Does Length Contraction Affect the Wavelength of Light from a Moving Source?

[Zero-G]

Hey, sorry if this is a stupid question but I'm getting really confused...
If I am standing on the Earth and watch a spaceship moving past at say 0.8*c from left to right, I will observe the spaceship to contract in its direction of motion. If a person on the spaceship shines a torch also from left to right, what happens to the wavelength of the light as seen from my reference frame? Does it also contract?

 

[JesseM]

Hey, sorry if this is a stupid question but I'm getting really confused...
If I am standing on the Earth and watch a spaceship moving past at say 0.8*c from left to right, I will observe the spaceship to contract in its direction of motion. If a person on the spaceship shines a torch also from left to right, what happens to the wavelength of the light as seen from my reference frame? Does it also contract?

In the ship's frame, the wave peaks move at c, so the distance between peaks is just c/f, where f is the frequency that the peaks are being emitted by the torch as seen in the ship's frame. In your frame, the peaks still move at c, but the frequency becomes $$f \sqrt{1 - v^2/c^2}$$ due to time dilation, and meanwhile the torch is moving at velocity v so it will have moved a distance of $$v / (f \sqrt{1 - v^2/c^2})$$ between emitting successive peaks, so the the distance between peaks should either be $$c / (f \sqrt{1 - v^2/c^2}) - v / (f \sqrt{1 - v^2/c^2})$$ or $$c / (f \sqrt{1 - v^2/c^2}) + v / (f \sqrt{1 - v^2/c^2})$$ depending on whether the torch is shining in the direction of the ship's motion or in the opposite direction.
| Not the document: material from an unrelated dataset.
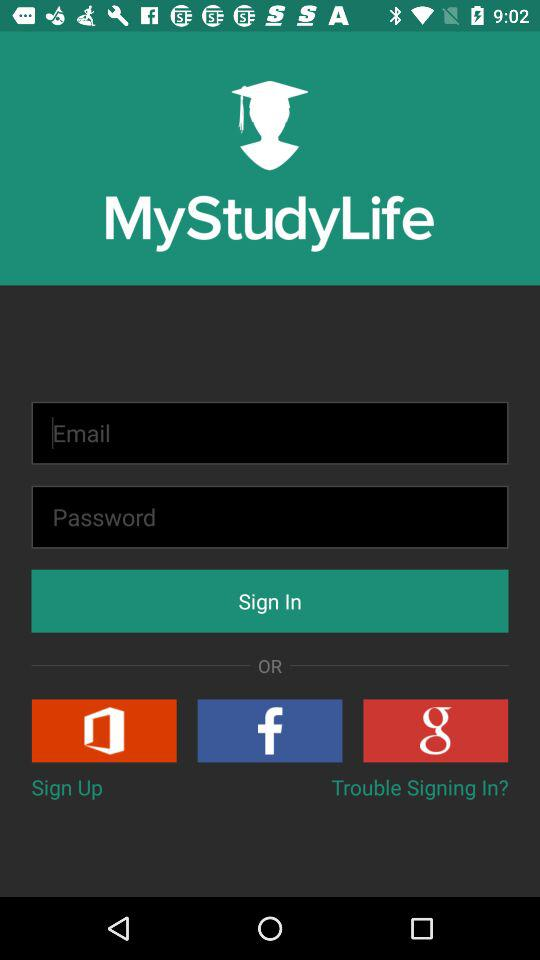What is the application name? The application name "MyStudyLife". 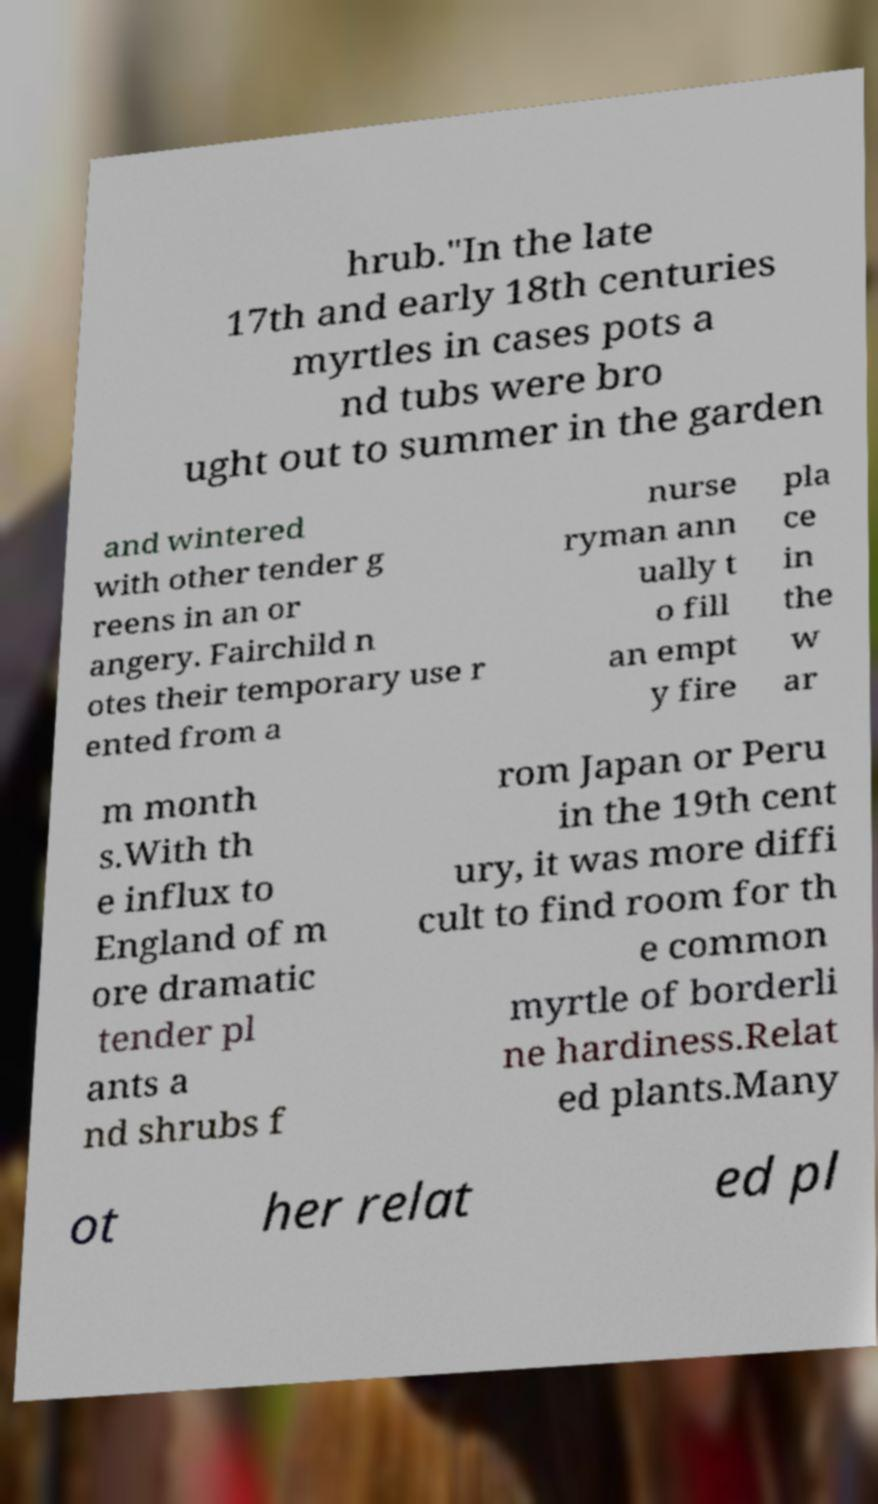Can you read and provide the text displayed in the image?This photo seems to have some interesting text. Can you extract and type it out for me? hrub."In the late 17th and early 18th centuries myrtles in cases pots a nd tubs were bro ught out to summer in the garden and wintered with other tender g reens in an or angery. Fairchild n otes their temporary use r ented from a nurse ryman ann ually t o fill an empt y fire pla ce in the w ar m month s.With th e influx to England of m ore dramatic tender pl ants a nd shrubs f rom Japan or Peru in the 19th cent ury, it was more diffi cult to find room for th e common myrtle of borderli ne hardiness.Relat ed plants.Many ot her relat ed pl

This simplifies to $$(c \pm v)/(f \sqrt{1 - v^2/c^2})$$. You could also get this from the relativistic doppler shift equation, $$f_{observed} = f_{emitted} \sqrt{1 - v^2/c^2} / (1 - v/c)$$, keeping in mind that the wavelength you observe is $$c / f_{observed}$$.

To compare the wavelength you see with the wavelength seen by the ship-observer, just divide $$(c \pm v)/(f \sqrt{1 - v^2/c^2})$$ (the wavelength seen by you) by c/f (the wavelength seen by the ship-observer), which gives $$(1 \pm v/c) / \sqrt{1 - v^2/c^2}$$ for the factor that the wavelength changes in your frame. This is not the same as the Lorentz contraction factor $$\sqrt{1 - v^2/c^2}$$.

 

[Entropia]

No need to apologize, this is actually a very interesting question! The concept of length contraction can be confusing, but let's break it down.

First, let's clarify what length contraction is. According to Einstein's theory of special relativity, as an object moves at high speeds, its length in the direction of motion appears to shorten when observed by an outside observer. This is due to the fact that as an object moves faster, time slows down for that object, causing it to appear shorter to an outside observer.

Now, let's apply this concept to your scenario. As you observe the spaceship moving past at 0.8*c, you will indeed see it contract in its direction of motion. This means that the length of the spaceship will appear shorter to you than it actually is. However, this does not apply to the wavelength of light.

The wavelength of light is a property of the light itself and is not affected by the motion of the source. So, from your reference frame, the wavelength of the light emitted by the person on the spaceship will remain the same. This is because the speed of light is constant, regardless of the relative motion of the source and observer.

In fact, according to special relativity, the speed of light is the same for all observers, regardless of their relative motion. This means that no matter how fast the spaceship is moving, the speed of light will always be measured as c (the speed of light in a vacuum).

So, to sum up, the length of the spaceship will appear shorter to you due to length contraction, but the wavelength of light will remain the same. I hope this helps clarify things for you!